:: Problem to solve ::
Return exactly the span of lines in the following data that opens with the line containing "from ezdxf.enums import" and closes with the line containing "doc.linetypes.add('DASHED', pattern=[0.75, 0.5, -0.25])". Include nothing else.
==== Data to examine ====
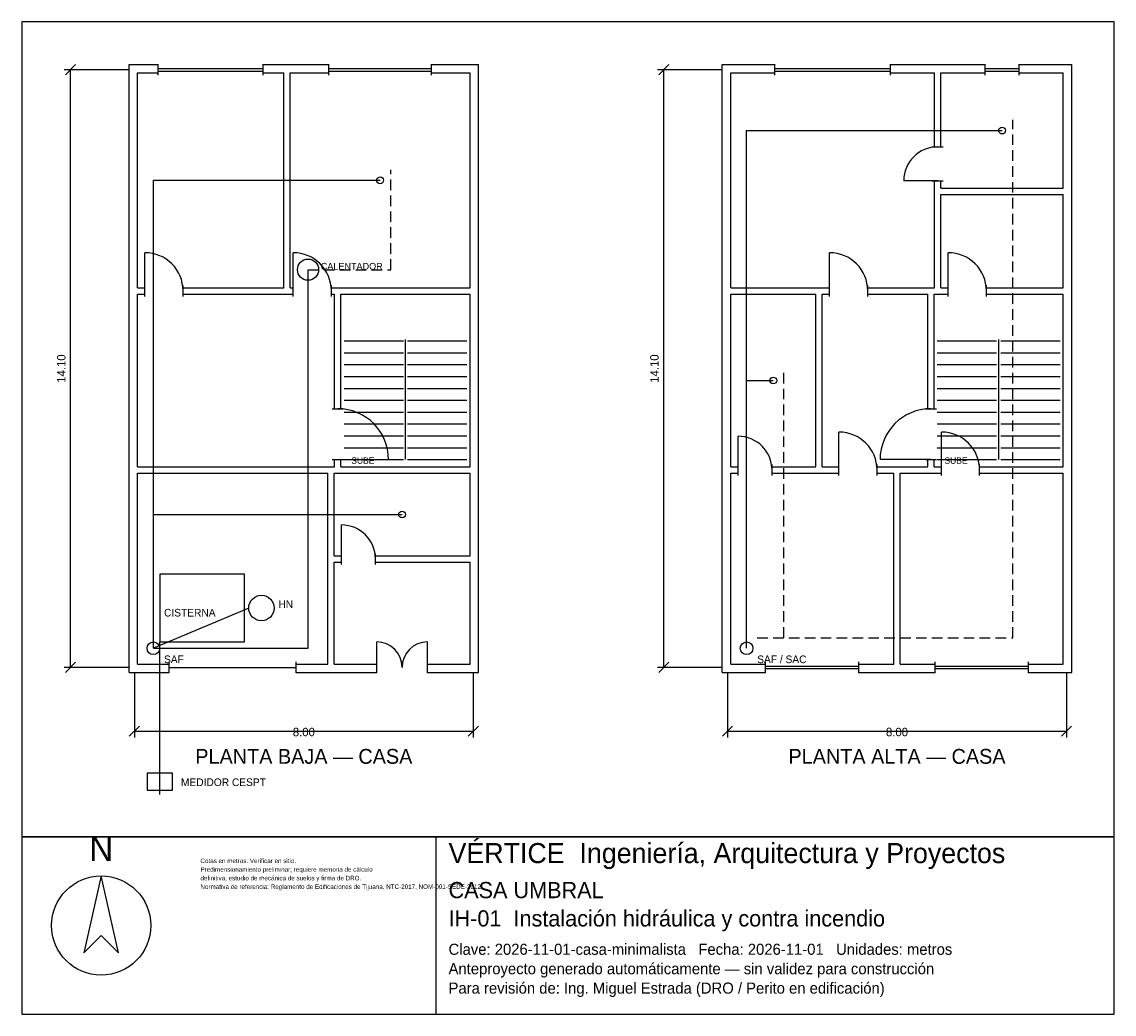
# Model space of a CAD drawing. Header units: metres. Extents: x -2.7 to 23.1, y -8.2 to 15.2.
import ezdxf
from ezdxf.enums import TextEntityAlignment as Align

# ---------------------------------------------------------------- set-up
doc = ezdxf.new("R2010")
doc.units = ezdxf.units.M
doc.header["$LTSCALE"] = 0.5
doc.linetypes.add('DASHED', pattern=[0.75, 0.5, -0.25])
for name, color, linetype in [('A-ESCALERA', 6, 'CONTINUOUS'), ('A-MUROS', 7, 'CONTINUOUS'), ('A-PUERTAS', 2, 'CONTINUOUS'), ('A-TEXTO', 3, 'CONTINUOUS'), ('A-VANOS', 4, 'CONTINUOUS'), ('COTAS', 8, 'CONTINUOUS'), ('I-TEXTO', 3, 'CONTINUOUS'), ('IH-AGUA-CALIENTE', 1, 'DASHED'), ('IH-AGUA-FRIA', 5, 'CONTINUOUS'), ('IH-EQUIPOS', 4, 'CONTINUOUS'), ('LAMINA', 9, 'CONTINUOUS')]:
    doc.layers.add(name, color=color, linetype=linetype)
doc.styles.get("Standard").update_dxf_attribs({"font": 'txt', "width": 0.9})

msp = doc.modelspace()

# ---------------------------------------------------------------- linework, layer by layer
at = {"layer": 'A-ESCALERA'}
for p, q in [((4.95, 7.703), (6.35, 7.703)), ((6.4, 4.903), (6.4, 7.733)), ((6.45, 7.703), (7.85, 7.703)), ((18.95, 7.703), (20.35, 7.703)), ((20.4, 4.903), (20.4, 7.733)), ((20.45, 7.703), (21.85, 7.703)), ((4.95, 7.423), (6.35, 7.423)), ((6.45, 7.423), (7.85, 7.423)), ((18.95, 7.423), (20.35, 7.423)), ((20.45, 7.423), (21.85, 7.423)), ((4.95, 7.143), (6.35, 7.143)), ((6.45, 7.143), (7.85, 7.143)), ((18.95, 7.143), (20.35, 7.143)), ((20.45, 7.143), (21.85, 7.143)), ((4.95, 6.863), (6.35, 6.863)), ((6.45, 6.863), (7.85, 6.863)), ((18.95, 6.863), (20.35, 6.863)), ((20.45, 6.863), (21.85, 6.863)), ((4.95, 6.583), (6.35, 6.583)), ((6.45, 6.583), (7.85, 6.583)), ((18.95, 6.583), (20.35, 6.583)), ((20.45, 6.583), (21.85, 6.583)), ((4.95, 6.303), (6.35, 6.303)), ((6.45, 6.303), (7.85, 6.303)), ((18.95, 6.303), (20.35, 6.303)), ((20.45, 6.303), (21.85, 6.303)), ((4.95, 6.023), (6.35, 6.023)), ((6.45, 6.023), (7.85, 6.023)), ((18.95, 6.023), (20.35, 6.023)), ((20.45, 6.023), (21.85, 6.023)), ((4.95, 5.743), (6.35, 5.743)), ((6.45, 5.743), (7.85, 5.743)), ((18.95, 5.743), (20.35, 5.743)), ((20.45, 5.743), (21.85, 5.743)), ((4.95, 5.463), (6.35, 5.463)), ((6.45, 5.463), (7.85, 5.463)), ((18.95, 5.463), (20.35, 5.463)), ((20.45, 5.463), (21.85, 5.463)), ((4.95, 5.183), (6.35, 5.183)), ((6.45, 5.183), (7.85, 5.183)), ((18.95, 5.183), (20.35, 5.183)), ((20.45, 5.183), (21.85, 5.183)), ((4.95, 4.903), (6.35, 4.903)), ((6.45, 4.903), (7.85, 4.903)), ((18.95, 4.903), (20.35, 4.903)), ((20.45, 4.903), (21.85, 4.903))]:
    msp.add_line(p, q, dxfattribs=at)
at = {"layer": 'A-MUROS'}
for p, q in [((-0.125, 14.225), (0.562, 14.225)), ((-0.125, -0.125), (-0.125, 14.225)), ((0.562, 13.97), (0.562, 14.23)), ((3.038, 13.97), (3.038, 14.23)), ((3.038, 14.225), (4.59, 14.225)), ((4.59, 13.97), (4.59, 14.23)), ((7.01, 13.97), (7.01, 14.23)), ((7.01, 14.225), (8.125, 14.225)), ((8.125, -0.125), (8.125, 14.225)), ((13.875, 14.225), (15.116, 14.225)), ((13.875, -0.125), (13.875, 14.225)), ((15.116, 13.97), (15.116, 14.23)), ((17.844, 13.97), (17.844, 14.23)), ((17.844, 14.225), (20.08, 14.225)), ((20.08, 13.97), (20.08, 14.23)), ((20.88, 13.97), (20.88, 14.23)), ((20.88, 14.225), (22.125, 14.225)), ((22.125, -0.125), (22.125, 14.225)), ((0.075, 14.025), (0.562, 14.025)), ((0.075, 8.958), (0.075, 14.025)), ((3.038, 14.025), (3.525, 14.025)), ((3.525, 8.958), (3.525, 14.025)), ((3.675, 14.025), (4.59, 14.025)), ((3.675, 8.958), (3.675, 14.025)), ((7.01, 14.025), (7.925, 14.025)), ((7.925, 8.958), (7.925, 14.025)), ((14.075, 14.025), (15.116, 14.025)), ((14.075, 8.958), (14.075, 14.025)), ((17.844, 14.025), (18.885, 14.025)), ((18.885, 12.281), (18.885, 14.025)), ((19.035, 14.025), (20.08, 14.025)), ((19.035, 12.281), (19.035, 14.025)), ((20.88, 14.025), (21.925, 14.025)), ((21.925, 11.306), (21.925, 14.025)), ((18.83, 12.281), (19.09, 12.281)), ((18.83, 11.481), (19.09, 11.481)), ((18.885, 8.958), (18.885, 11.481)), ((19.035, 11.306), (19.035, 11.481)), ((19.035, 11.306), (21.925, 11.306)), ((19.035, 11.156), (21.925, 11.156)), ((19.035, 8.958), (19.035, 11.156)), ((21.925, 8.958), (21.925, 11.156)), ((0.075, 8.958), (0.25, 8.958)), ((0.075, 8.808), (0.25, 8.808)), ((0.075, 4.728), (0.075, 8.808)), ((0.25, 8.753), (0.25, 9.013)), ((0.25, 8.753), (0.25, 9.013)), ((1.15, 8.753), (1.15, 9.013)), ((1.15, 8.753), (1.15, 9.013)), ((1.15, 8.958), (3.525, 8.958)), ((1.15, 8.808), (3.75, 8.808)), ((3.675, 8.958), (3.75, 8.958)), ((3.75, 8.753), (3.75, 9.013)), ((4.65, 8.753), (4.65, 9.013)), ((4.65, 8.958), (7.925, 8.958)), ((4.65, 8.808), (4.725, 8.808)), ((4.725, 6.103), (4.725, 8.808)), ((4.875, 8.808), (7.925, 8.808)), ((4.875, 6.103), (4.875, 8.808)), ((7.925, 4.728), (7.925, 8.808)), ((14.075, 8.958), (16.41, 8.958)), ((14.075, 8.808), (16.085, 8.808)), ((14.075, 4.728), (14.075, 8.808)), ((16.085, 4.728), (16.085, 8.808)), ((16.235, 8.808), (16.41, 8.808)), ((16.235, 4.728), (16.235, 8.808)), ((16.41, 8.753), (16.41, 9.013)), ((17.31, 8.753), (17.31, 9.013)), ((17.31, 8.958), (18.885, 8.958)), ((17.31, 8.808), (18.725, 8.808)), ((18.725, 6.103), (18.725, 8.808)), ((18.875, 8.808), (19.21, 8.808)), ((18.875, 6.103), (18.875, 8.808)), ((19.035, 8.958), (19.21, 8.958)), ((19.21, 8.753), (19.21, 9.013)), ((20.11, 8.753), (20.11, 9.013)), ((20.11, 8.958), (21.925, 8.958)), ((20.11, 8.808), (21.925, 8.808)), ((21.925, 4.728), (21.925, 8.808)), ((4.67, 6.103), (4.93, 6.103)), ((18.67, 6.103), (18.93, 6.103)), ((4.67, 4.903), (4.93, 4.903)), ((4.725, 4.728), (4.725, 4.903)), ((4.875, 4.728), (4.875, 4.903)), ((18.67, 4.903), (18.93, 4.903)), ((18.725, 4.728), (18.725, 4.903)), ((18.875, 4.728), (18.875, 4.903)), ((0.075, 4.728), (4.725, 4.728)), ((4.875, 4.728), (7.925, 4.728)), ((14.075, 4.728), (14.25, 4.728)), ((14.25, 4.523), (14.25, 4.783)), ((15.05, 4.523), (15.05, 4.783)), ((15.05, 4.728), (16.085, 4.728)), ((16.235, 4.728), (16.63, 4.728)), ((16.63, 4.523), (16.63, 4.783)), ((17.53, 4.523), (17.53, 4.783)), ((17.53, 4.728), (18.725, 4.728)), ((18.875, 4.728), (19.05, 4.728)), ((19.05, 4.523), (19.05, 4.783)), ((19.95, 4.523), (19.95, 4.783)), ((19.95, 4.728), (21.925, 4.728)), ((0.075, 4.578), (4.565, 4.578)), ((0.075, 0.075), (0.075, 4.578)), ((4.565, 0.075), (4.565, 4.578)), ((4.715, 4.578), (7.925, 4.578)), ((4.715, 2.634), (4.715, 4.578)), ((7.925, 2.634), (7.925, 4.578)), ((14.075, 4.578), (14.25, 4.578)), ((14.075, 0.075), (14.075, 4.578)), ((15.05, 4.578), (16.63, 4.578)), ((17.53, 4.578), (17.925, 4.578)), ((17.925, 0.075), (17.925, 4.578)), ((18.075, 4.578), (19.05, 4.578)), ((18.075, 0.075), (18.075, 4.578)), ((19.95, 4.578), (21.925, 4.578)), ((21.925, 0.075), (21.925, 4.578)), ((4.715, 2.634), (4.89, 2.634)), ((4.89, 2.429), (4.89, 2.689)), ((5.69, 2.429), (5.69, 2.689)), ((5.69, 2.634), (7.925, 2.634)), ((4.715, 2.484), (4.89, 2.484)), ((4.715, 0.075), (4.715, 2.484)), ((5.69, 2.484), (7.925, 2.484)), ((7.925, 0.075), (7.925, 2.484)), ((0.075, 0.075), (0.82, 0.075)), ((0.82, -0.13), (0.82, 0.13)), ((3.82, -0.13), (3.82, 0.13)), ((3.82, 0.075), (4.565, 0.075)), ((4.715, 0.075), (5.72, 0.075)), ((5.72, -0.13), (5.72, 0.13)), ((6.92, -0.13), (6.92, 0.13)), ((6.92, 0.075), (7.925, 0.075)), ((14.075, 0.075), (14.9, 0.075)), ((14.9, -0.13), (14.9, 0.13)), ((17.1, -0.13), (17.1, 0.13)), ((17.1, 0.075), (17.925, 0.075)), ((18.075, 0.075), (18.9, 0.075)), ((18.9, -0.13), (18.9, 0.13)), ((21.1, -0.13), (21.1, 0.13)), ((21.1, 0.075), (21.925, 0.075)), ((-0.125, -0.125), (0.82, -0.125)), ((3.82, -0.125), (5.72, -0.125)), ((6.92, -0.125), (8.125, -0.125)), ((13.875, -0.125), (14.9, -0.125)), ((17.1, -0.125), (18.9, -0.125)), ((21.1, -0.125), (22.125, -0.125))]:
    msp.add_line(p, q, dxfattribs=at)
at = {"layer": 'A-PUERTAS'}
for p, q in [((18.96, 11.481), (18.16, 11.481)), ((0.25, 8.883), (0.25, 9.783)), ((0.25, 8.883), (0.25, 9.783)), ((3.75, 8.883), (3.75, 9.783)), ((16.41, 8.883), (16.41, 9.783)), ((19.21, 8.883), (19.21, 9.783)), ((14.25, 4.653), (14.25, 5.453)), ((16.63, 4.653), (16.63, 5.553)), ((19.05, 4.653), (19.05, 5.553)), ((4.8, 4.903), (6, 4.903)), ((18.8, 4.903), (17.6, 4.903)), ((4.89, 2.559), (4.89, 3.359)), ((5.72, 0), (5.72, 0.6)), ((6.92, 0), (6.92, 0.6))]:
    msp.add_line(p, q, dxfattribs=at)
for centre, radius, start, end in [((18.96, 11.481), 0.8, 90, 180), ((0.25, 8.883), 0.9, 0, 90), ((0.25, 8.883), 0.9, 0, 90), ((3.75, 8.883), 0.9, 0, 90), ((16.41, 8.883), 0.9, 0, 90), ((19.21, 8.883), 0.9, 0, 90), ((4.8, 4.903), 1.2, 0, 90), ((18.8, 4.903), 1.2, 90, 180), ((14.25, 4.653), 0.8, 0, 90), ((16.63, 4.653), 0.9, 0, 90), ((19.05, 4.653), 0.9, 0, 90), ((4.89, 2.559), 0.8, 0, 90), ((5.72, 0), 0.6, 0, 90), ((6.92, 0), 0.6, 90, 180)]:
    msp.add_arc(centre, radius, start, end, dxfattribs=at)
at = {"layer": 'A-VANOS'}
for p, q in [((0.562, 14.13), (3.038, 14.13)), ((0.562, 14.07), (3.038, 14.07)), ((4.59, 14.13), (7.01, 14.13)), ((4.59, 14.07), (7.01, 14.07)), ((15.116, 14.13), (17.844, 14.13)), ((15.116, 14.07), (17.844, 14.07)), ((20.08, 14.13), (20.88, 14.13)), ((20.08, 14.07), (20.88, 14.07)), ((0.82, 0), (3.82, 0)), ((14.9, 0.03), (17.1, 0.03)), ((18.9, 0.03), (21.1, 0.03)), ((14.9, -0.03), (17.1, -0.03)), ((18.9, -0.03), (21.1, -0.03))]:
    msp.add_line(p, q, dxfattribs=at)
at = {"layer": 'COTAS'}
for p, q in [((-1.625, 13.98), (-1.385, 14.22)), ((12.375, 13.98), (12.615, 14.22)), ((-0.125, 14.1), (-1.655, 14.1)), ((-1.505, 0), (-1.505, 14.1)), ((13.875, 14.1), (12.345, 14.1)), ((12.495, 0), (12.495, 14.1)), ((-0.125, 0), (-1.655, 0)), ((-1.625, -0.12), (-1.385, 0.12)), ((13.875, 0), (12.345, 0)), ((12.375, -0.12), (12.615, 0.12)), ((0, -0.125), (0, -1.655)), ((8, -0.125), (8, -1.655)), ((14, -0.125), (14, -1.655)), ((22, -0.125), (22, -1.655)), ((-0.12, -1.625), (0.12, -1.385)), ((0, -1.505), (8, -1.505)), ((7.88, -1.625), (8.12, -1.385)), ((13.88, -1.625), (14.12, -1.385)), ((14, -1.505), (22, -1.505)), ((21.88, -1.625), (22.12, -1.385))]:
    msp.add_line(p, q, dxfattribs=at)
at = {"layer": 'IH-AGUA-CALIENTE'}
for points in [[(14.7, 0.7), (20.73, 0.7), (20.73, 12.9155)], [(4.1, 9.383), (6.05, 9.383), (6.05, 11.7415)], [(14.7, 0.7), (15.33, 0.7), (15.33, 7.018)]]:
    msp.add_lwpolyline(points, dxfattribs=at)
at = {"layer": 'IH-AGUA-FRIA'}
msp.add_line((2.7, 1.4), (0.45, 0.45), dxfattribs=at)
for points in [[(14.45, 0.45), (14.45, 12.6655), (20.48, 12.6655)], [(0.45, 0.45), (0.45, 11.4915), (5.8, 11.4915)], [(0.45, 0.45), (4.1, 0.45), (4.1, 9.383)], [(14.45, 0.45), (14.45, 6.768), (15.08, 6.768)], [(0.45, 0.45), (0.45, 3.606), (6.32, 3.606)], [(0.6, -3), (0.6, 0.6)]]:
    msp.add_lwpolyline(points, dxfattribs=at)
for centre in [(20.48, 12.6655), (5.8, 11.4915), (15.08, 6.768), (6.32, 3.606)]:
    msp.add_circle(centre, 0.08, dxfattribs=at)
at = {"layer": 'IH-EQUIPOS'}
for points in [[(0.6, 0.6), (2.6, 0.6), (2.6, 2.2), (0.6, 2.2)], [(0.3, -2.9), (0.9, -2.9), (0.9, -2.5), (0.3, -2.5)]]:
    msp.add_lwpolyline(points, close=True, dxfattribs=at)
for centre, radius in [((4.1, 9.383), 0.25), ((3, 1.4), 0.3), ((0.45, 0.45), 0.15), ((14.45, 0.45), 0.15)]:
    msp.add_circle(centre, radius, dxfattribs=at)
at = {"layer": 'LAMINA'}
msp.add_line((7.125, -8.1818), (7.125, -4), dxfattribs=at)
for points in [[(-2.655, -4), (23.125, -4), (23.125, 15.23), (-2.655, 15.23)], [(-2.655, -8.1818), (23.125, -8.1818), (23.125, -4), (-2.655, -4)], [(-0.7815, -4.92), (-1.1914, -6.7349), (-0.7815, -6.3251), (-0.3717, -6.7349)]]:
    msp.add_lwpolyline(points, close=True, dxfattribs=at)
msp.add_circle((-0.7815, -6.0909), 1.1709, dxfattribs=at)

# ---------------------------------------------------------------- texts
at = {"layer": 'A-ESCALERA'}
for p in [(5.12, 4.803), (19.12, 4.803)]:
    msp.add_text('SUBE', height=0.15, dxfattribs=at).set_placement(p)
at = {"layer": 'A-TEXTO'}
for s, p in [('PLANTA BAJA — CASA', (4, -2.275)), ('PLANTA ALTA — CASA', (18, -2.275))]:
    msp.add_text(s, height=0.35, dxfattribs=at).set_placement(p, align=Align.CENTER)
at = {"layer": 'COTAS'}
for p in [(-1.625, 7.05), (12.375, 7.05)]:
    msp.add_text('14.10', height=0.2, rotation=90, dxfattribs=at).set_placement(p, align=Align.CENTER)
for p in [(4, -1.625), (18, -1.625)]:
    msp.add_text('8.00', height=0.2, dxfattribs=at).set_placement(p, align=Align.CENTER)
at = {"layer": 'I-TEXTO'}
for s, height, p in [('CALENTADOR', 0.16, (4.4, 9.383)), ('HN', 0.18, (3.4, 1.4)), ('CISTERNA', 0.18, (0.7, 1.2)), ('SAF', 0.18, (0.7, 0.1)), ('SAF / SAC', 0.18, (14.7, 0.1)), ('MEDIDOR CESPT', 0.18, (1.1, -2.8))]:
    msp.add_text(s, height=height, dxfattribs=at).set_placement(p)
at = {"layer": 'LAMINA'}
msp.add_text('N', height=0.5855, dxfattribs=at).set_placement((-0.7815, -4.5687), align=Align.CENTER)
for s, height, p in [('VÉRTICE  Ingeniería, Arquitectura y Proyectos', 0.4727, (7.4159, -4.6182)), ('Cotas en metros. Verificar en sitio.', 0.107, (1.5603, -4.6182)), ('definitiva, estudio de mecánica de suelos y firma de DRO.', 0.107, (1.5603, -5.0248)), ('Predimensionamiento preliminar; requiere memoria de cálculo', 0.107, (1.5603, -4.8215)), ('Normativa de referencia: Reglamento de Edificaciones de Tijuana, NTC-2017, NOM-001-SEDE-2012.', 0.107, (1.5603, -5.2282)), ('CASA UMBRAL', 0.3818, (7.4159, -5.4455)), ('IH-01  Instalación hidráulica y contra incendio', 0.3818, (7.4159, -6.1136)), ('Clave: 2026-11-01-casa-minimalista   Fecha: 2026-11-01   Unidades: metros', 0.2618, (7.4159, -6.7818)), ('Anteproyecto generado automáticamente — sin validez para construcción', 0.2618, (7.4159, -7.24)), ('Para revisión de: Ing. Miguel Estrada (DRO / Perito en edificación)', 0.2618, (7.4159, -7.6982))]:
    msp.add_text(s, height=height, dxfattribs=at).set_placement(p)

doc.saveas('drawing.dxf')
====
:: Your solution ::
from ezdxf.enums import TextEntityAlignment as Align

# ---------------------------------------------------------------- set-up
doc = ezdxf.new("R2010")
doc.units = ezdxf.units.M
doc.header["$LTSCALE"] = 0.5
doc.linetypes.add('DASHED', pattern=[0.75, 0.5, -0.25])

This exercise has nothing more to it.